1. **Check/Install Dependencies** for AWS Neuron (NXDI, vLLM fork, etc.).
2. **Optional**: Install additional utilities (`inference-benchmarking` (lm_eval), InfluxDB, `llmperf` for performance benchmarking, etc.).
3. **Download** Mistral Small 24B base model.
4. **Spin Up** a VLLM server, benchmark and pull a profile.
   
### Prerequisites

- **Amazon EC2 Trn1.32xlarge instance** with AWS Neuron drivers and recommended PyTorch environment.
- **NXDI virtual environment** (e.g., `aws_neuronx_venv_pytorch_2_5_nxd_inference`) is required.

- To request a quota increase for `trn1.32xlarge` on EC2, follow these steps:

1. Navigate to the [Service Quotas console](https://console.aws.amazon.com/servicequotas/).
2. Choose Amazon EC2.
3. Review your default quota for the following resources:
   - `trn1.32xlarge` for ec2 on-demand use
4. If needed, request a quota increase for these resources.

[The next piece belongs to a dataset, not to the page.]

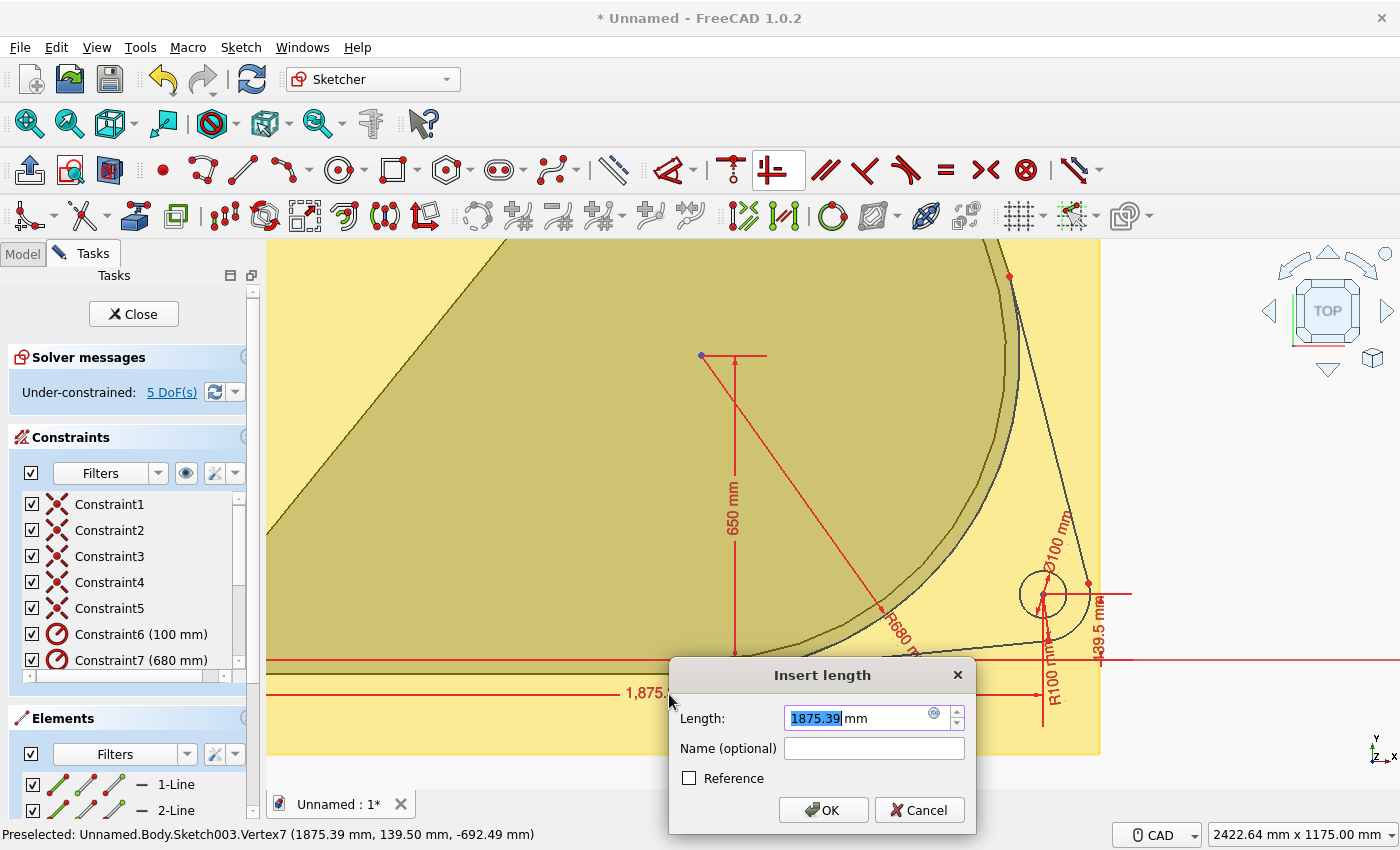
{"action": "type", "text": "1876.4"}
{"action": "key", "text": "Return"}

<div class="alert alert-block alert-warning"> 

<b>NOTE:</b> To make sure that you have enough quotas to support your usage requirements, it's a best practice to monitor and manage your service quotas. Requests for Amazon EC2 service quota increases are subject to review by AWS engineering teams. Also, service quota increase requests aren't immediately processed when you submit a request. After your request is processed, you receive an email notification.
</div>

### Create Your EC2 instance

Follow the steps here for a detailed set up of your EC2 instance setup:

#### Steps:
- Navigate to the EC2 dashboard from the AWS mgmt console and launch your instance.
- Search for the Ubuntu 22.04 Neuron DLAMI.
- Choose the instance size as Trn1.32xlarge or any other Neuron based instance you're able to fit the model.
- Set the inbound rule for ssh to your local machine's ip address or anywhere (note that it is not in accordance to set this to allow trafic from any ipv4, please ensure you secure these ports once done testing.
- Create and specify your ssh key in the instance configuration step. You will need your .pem file
- Create your instance.
- Once you have launched your instance, navigate to either your terminal or VSCODE and follow the steps below:

#### ssh for powershell:

`$PUBLIC_DNS="paste your public ipv4 dns here" # public ipv4 DNS, e.g. ec2-3-80-.... from ec2 console`
`$KEY_PATH="paste ssh key path here" # local path to key, e.g. ssh/trn.pem`

`ssh -i $KEY_PATH -L 8888:127.0.0.1:8888 -L 8000:127.0.0.1:8000 -L 8086:127.0.0.1:8086 -L 3001:127.0.0.1:3001 ec2-user@$PUBLIC_DNS`

#### ssh for linux/macOS:

`export PUBLIC_DNS="paste your public ipv4 dns here" # public ipv4 DNS, e.g. ec2-3-80-.... from ec2 console`
`export KEY_PATH="paste ssh key path here" # local path to key, e.g. ssh/trn.pem`

`ssh -i $KEY_PATH -L 8888:127.0.0.1:8888 -L 8000:127.0.0.1:8000 -L 8086:127.0.0.1:8086 -L 3001:127.0.0.1:3001 ec2-user@$PUBLIC_DNS`

You should have sshed into your EC2 instance. 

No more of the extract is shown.